• [EXERCISE]: Only the lines from the start of the entries through the line with "#20 lunch bag" are wanted; please output them exactly.

• [ENTRIES PROVIDED]:

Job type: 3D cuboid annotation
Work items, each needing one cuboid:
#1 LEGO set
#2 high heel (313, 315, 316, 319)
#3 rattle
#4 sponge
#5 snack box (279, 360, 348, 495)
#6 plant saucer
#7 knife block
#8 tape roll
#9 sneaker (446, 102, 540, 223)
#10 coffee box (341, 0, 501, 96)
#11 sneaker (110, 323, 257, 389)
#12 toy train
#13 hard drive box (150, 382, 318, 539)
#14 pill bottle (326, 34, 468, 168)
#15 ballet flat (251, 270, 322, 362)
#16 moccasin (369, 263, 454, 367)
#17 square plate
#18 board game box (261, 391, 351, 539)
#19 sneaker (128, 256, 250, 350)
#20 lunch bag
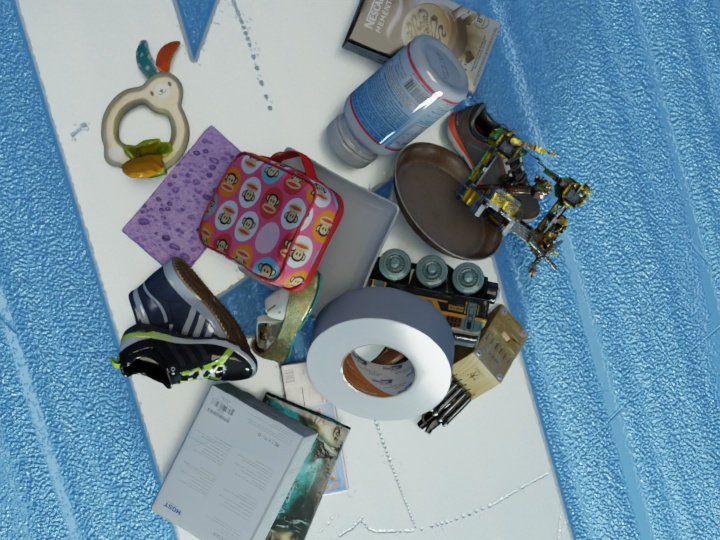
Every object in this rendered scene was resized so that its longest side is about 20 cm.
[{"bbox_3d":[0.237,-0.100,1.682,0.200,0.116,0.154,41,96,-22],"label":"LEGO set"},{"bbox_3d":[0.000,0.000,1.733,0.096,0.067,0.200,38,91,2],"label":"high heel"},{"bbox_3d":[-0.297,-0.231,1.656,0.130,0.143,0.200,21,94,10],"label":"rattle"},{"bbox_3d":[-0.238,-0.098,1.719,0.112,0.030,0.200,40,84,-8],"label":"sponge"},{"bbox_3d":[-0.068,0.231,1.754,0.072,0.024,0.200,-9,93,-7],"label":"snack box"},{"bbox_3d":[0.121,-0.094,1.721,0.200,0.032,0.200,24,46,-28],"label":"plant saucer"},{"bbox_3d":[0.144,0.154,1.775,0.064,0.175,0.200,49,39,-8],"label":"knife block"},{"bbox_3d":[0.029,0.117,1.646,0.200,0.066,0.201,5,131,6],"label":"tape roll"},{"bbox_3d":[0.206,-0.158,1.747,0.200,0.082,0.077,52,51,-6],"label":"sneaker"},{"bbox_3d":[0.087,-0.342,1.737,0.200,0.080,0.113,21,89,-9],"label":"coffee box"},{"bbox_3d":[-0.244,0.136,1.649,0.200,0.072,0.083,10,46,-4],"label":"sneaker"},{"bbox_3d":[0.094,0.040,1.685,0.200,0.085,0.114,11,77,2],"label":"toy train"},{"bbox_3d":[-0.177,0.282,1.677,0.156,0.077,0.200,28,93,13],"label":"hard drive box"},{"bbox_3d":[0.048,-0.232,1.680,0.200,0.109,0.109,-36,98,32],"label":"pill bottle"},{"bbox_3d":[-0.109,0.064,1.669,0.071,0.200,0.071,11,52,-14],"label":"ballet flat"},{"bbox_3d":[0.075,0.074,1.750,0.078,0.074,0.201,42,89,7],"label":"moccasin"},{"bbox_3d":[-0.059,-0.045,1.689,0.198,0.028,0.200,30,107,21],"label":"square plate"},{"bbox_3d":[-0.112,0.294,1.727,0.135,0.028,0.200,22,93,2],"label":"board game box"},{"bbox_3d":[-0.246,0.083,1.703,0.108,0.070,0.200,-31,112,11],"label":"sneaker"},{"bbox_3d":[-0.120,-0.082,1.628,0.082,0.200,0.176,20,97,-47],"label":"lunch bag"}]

• [SOLUTION FOR THIS TASK]:
Job type: 3D cuboid annotation
Work items, each needing one cuboid:
#1 LEGO set
#2 high heel (313, 315, 316, 319)
#3 rattle
#4 sponge
#5 snack box (279, 360, 348, 495)
#6 plant saucer
#7 knife block
#8 tape roll
#9 sneaker (446, 102, 540, 223)
#10 coffee box (341, 0, 501, 96)
#11 sneaker (110, 323, 257, 389)
#12 toy train
#13 hard drive box (150, 382, 318, 539)
#14 pill bottle (326, 34, 468, 168)
#15 ballet flat (251, 270, 322, 362)
#16 moccasin (369, 263, 454, 367)
#17 square plate
#18 board game box (261, 391, 351, 539)
#19 sneaker (128, 256, 250, 350)
#20 lunch bag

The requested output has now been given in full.